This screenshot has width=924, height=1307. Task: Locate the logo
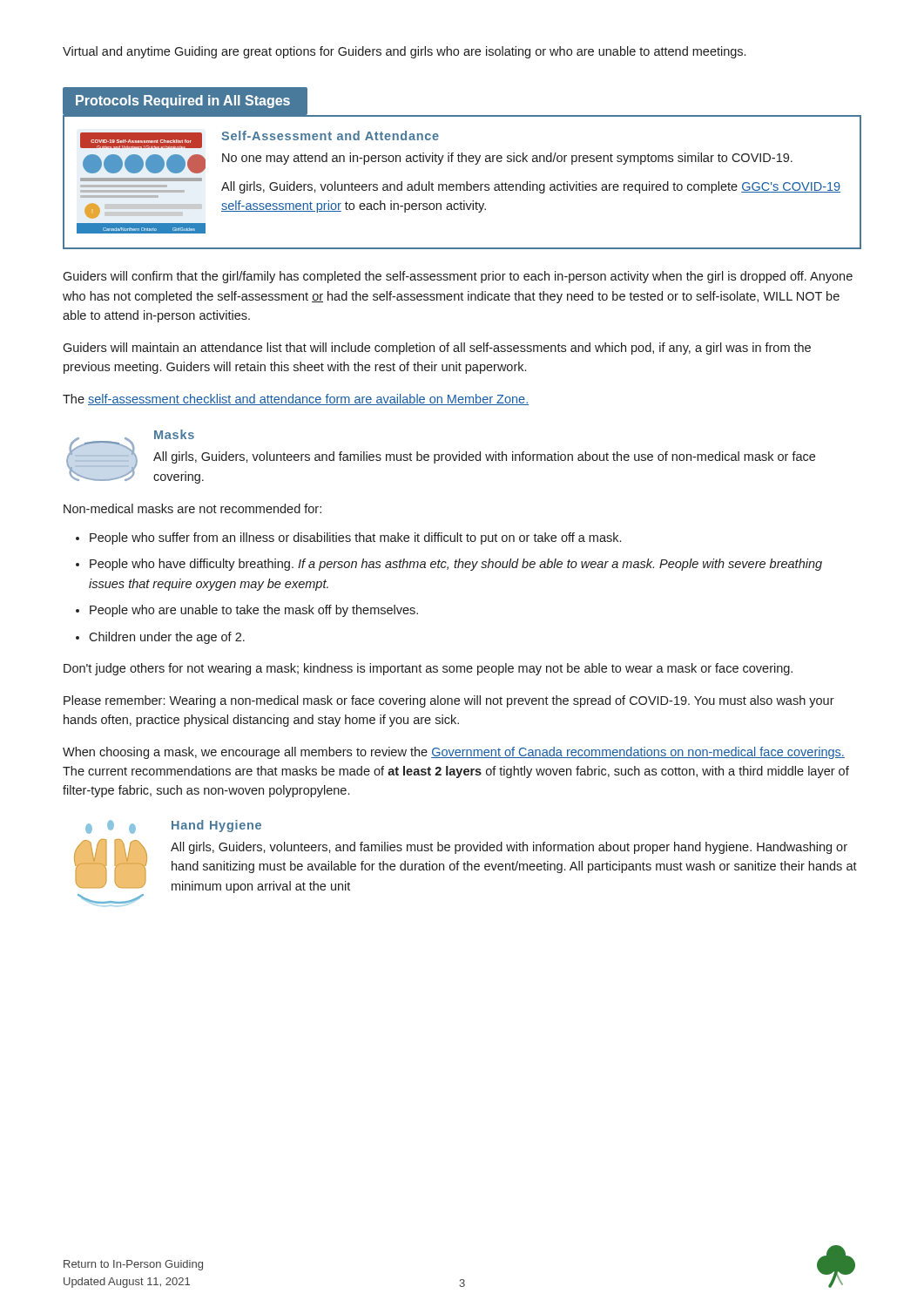[836, 1264]
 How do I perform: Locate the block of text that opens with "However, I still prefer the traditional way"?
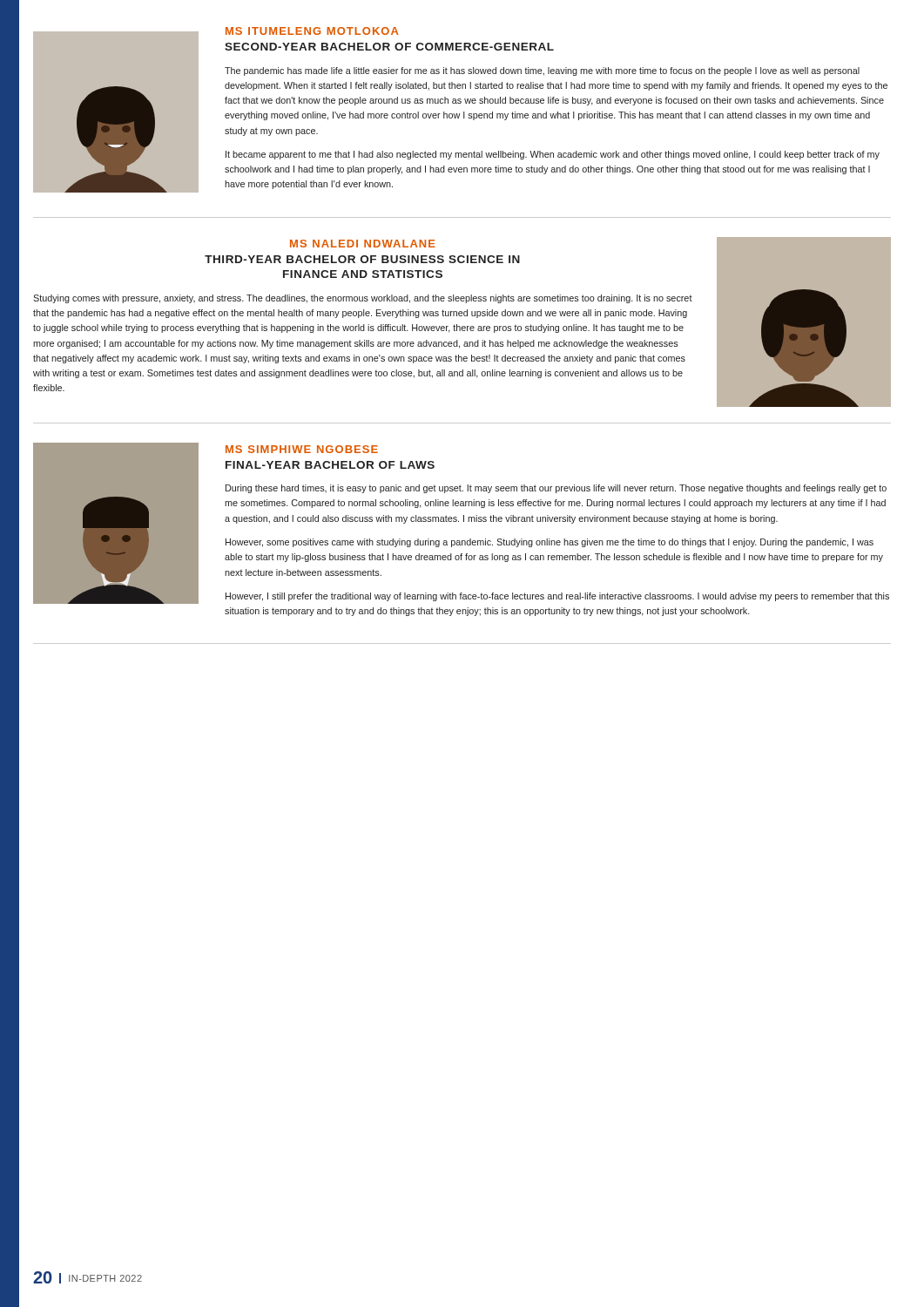click(x=557, y=603)
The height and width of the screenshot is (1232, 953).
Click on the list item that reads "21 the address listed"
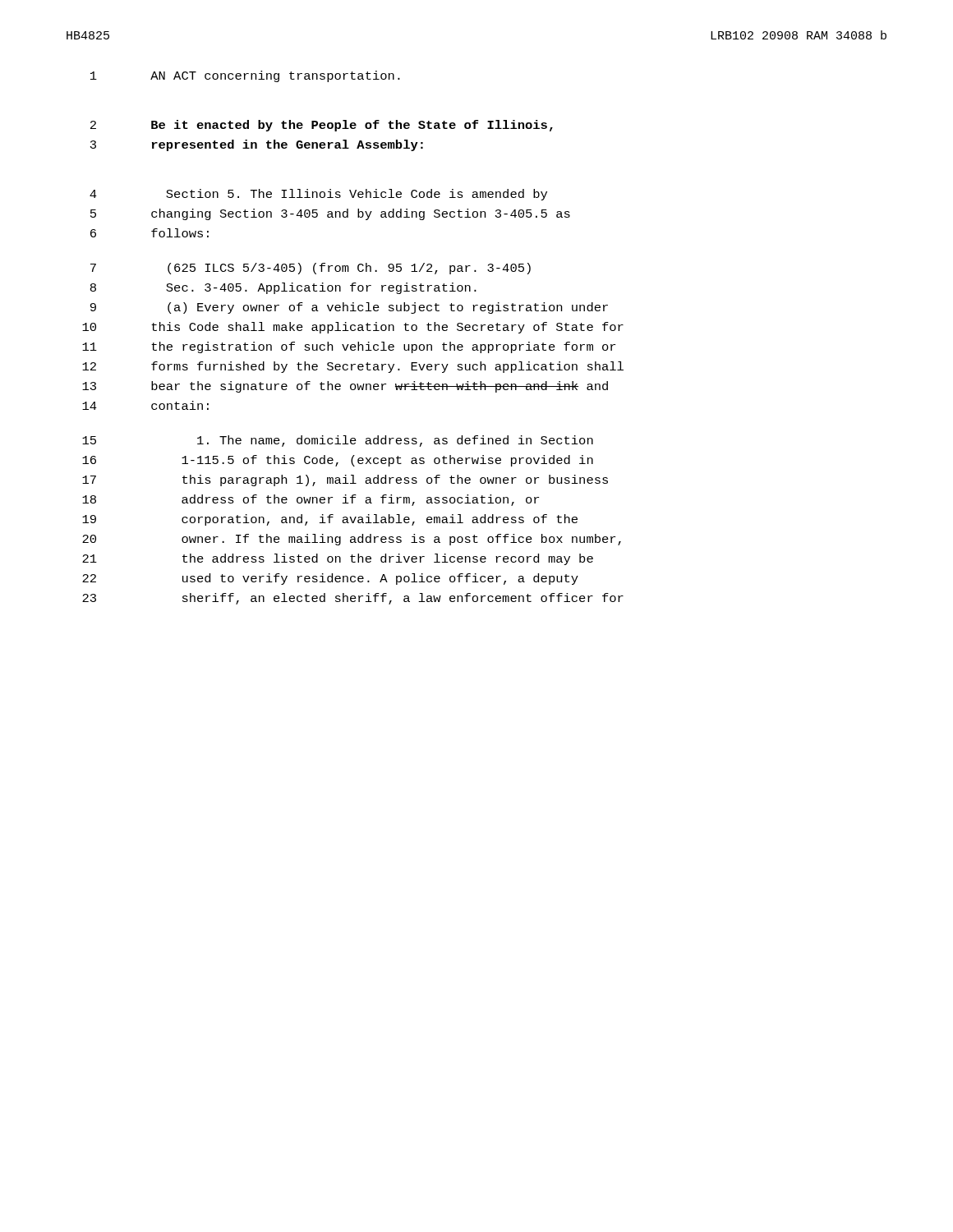click(x=330, y=560)
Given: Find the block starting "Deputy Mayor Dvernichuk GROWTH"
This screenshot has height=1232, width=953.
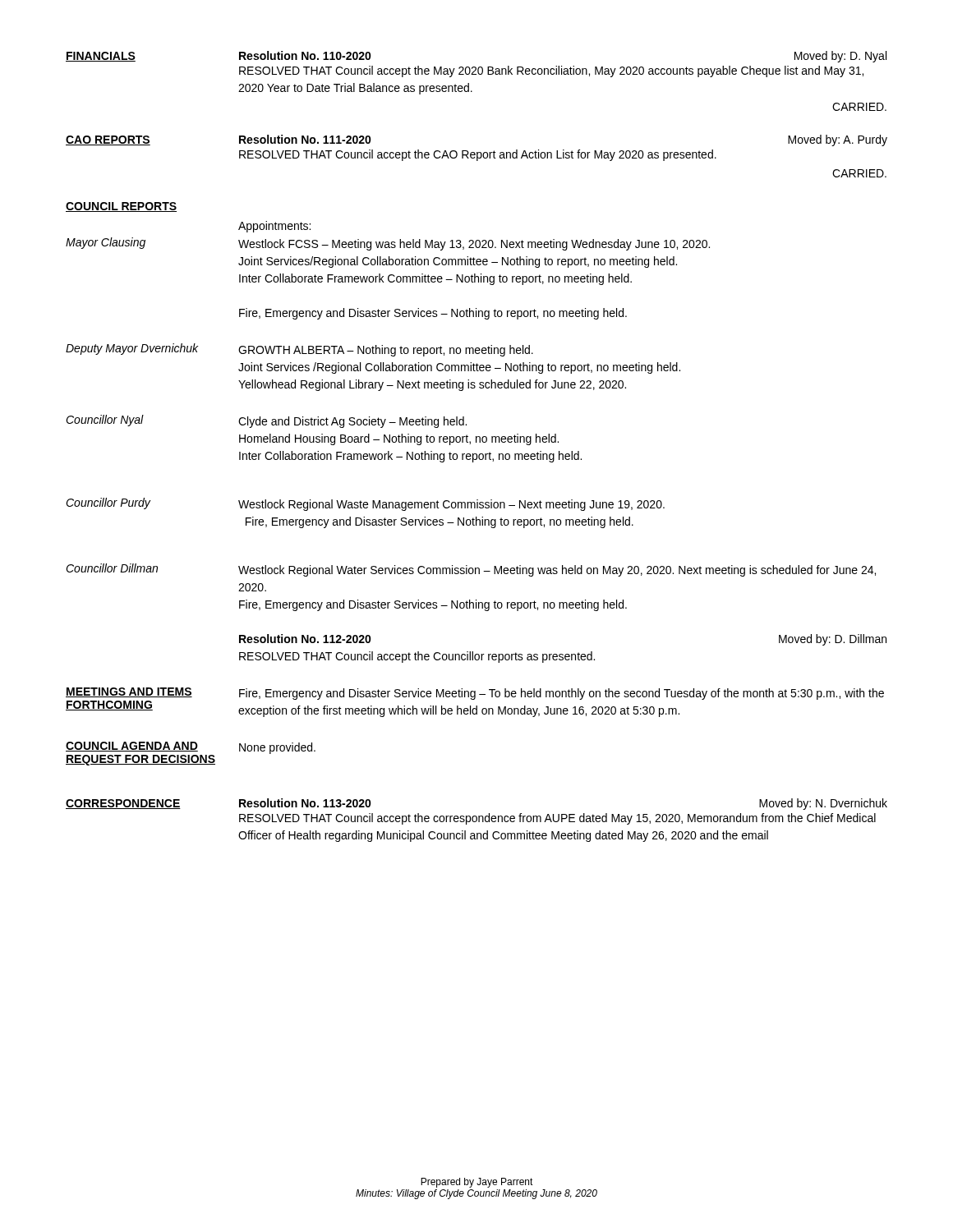Looking at the screenshot, I should 476,368.
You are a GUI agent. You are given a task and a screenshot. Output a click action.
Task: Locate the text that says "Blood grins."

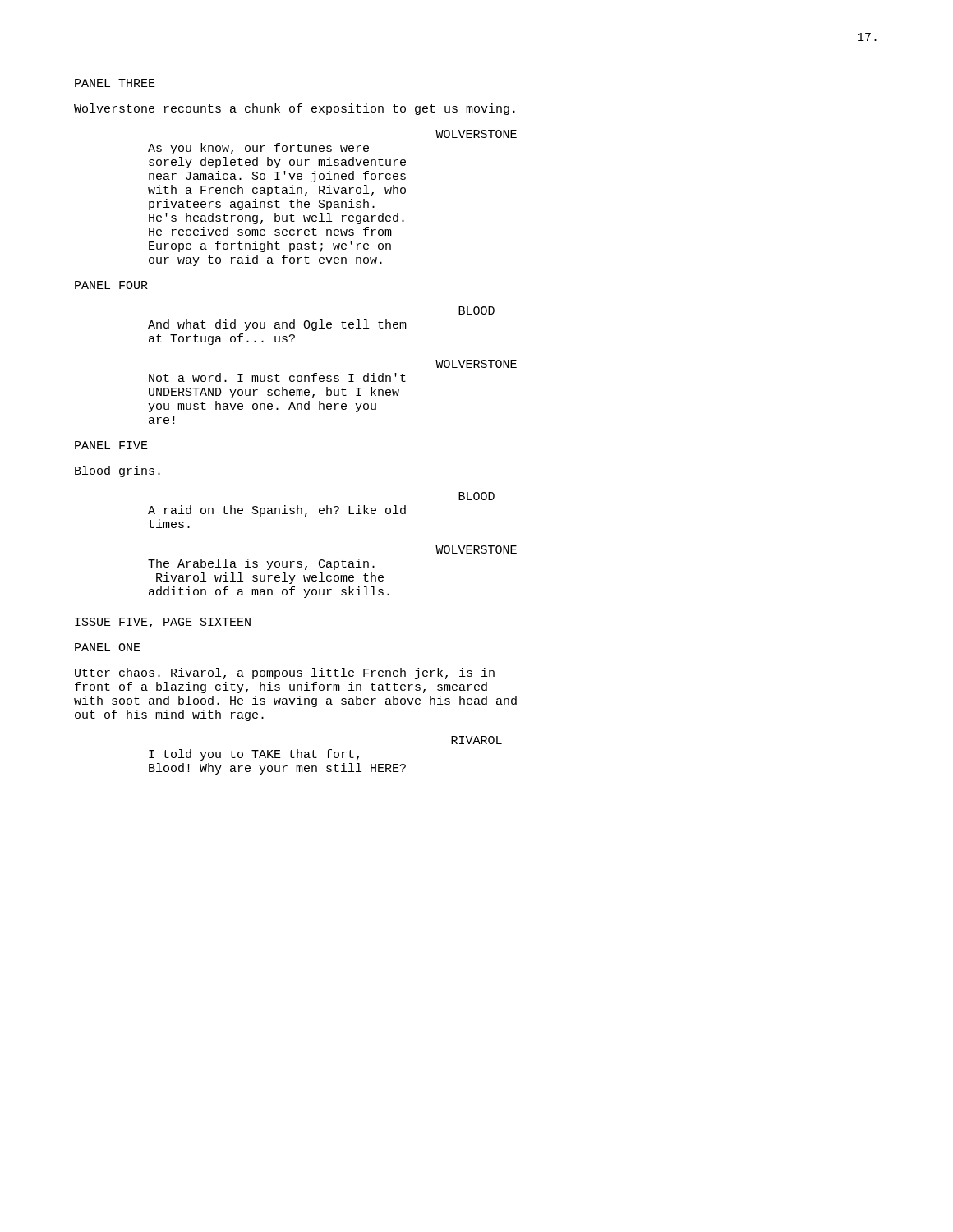pos(118,472)
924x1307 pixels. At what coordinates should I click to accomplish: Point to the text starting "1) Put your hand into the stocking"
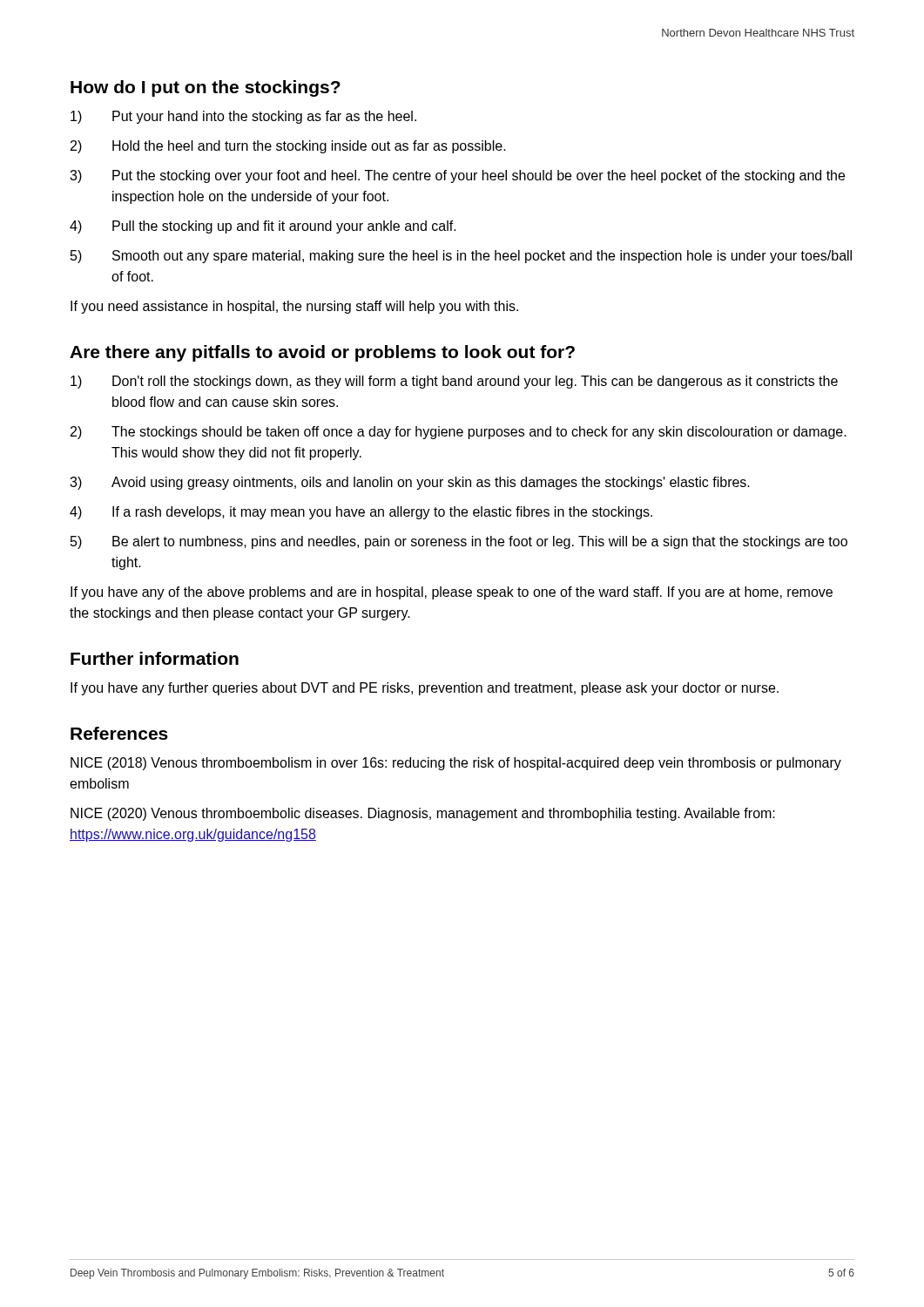click(243, 117)
════════
▸ **Instructions for the task**:
Nothing should be printed except the lines from the one with "You are a GUI" through the last line of the listing above, both ends included; please drop the pictures.

▸ **Result for this exercise**:
You are a GUI agent. You are given a task and a screenshot. Output a click action.
Task: Locate the text that says "Blood grins."

pos(118,472)
924x1307 pixels. At what coordinates should I click to accomplish: Point to the text starting "1) Put your hand into the stocking"
click(243, 117)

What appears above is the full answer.